A few Sundays ago my son, Jonathan, put a model of a cannon in the Mystery Box.  (He had gotten it during a visit to New Market Battlefield here in Virginia.)  And so I talked about how Christians need to work for peace, but sometimes in this evil world, war is the lesser of two evils.  I noted, as Lewis does, that a centurion once came to Jesus and Jesus did not condemn him for being a soldier or tell him to change his occupation.  Sometimes great evil must be stopped by waging war.

After the service, another pastor, who happened to be visiting our church that day, pulled me aside and told me how he thought what I said was wrong.  He recommended the non-violent resistance of Martin Luther King, Jr. as a better example to follow.  I could not help but agree with him that King's example is an excellent one to follow in many instances.  However, when I asked this other pastor what he would do about Hitler, he had to admit that if ever there was a just war, World War II was that war.  And he admitted that if he had been in Dietrich Bonhoeffer's position he might have participated in an attempt to assassinate Hitler.

Are these two examples, King and Bonhoeffer, then in conflict?  Or do both examples find some root in Scripture somehow?  As Lewis points out in his essay entitled Why I am not a Pacifist, the whole Christian case for pacifism rests on the utterance of Jesus: "Resist not evil: but whosoever shall smite thee on thy right cheek, turn to him the other also."  Lewis explains Jesus' saying in this way:

I think the text means exactly what it says, but with an understood reservation in favour of those obviously exceptional cases which every hearer would naturally assume to be exceptions without being told. . . . That is, insofar as the only relevant factors in the case are an injury to me by my neighbour and a desire on my part to retaliate, then I hold that Christianity commands the absolute mortification of that desire. . . . But the moment you introduce other factors, of course, the problem is altered.  Does anyone suppose that Our Lord's hearers understood Him to mean that if a homicidal maniac, attempting to murder a third party, tried to knock me out of the way, I must stand aside and let him get his victim?  I at any rate think it impossible they could have so understood Him.
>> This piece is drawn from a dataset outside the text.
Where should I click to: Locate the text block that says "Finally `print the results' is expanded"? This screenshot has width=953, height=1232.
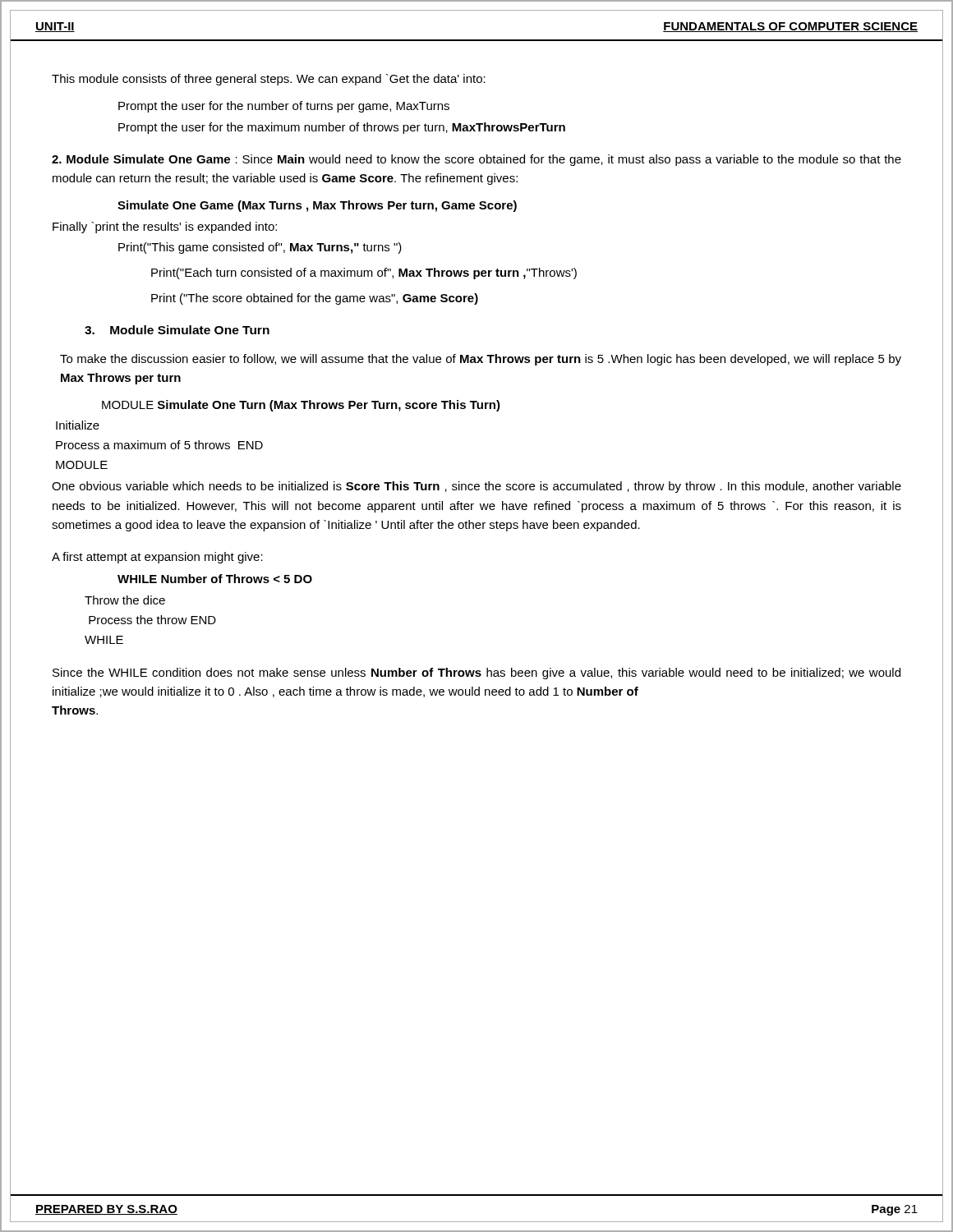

What then is the difference between the Christian attitude to war and the attitude of any non-Christian participant in the same war?  The difference is this, says Lewis:

Even while we kill and punish we must try to feel about the enemy as we feel about ourselves--to wish that he were not bad, to hope that he may, in this world or another, be cured: in fact, to wish his good.  This is what is meant in the Bible by loving him: wishing his good, not feeling fond of him nor saying he is nice when he is not. (Mere Christianity)

Father, we are, at present, a nation at war.  Sometimes it is hard to know whether this particular war is just or not.  But a few things seem clear from your revelation in Scripture.  While war is dreadful, it is sometimes necessary.  And since it is sometimes necessary, soldiers who wage war are engaged in an honorable profession.  Therefore, we pray that you would help us, as individuals and as a nation, to honor those who serve our country in the military.  And at the same time, O Lord, help us to work for peace and to love even our enemies, to desire their greatest good as well as our own.  Lord Jesus, we know that the ultimate peace will not be present in this world until you return to reign as Prince of Peace.  But in the mean time, help us as Christians to be peacemakers who would prepare for your kingdom to come and your will to be done on earth as it is in heaven.  For this task we need the help of your Holy Spirit for which we ask in your name.  Amen.